Node.js | GridFS: Executor error during find command :: caused by :: Sort exceeded memory limit

Ni_Ma · April 7, 2022, 4:54pm

I have uploaded a 400Mb zip file to MongoDB using GridFS. I then try to donwnload it using the following code:

let mongoGridFsBucket = new mongodb.GridFSBucket(Mongoose.connection.db, {
  chunkSizeBytes: 1024,
  bucketName
})

let gridFsDownloadStream = mongoGridFsBucket.openDownloadStreamByName(filename)

gridFsDownloadStream.on('error', console.error)
    
gridFsDownloadStream.on('end', function() {
  console.info('downloaded')
})

gridFsDownloadStream.pipe(fs.createWriteStream('/local/path/to/downloaded.zip'))

and get this Error:

MongoServerError: Executor error during find command :: caused by :: Sort exceeded memory limit of 33554432 bytes, but did not opt in to external sorting.

The above code works fine for smaller files (e.g. 9Mb files), I’ve already tested that successfully.

However in this case the file is too big. I looked for a solution online and apparently there is some allowDiskUse flag that I need to set somewhere but I don’t know where and how .

There is no place in the above code where I could set this allowDiskUse to true so I don’t know what else to do to make this work.

Nikitas · May 13, 2022, 7:00pm

So did you find a solution to this problem? I’m still looking Please share

Nikitas · May 14, 2022, 1:59pm

I did some research and I’ve found a solution.

Apparently, when you download a file by streaming it with GridFS, the documents that it is comprised of are first sorted. According to this blog post, when doing a sort, MongoDb first attempts to retrieve the documents using the order specified in an index. When no index is available it will try to load the documents into memory and sort them there.

The catch is that Mongo is configured by default to abort the operation when exceeding usage of 32 MB. In that case, we run into the “Sort exceeded memory limit” error described above. In order to solve this problem then, you’ll have to create an index for the ‘n’ field of the chunks collection that contains the file you want to download:

    // Create an index for the 'n' field to sort the chunks collection.
    db.collection('media.chunks').createIndex({n: 1});

Stennie_X · May 19, 2022, 12:08pm

Welcome to the MongoDB Community @Nikitas!

The blog post you have shared is relevant in terms of limitations of an in-memory sort, however drivers that conform to the GridFS specification should automatically create required GridFS Indexes for API retrieval.

If these indexes do not exist, you can manually create them.
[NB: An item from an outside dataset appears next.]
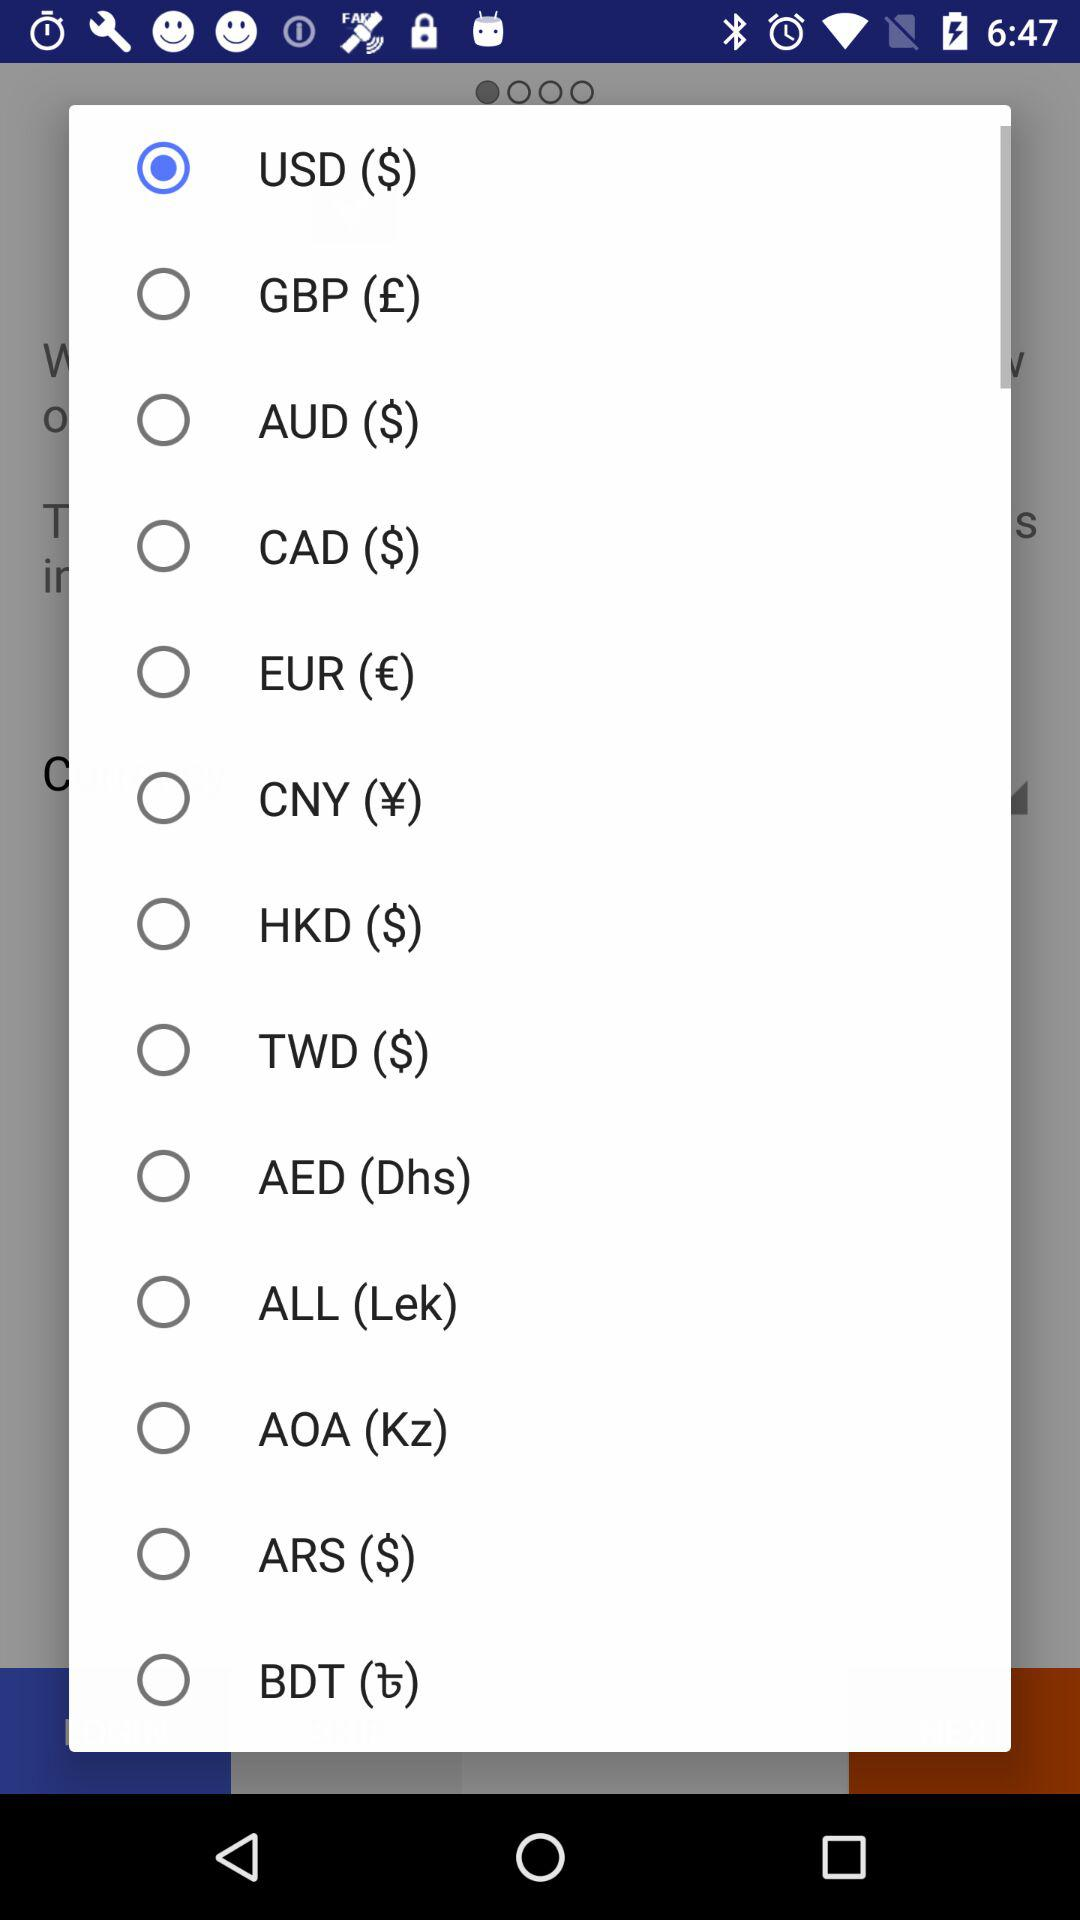Which radio button is selected? The selected radio button is "USD ($)".

An index on n alone is missing files_id for efficiently retrieving all chunks related to a specific uploaded file.

The expected GridFS indexes are actually:

db.fs.chunks.createIndex( { files_id: 1, n: 1 }, { unique: true } );
db.fs.files.createIndex( { filename: 1, uploadDate: 1 } );

Regards,
Stennie

system · May 24, 2022, 12:09pm

This topic was automatically closed 5 days after the last reply. New replies are no longer allowed.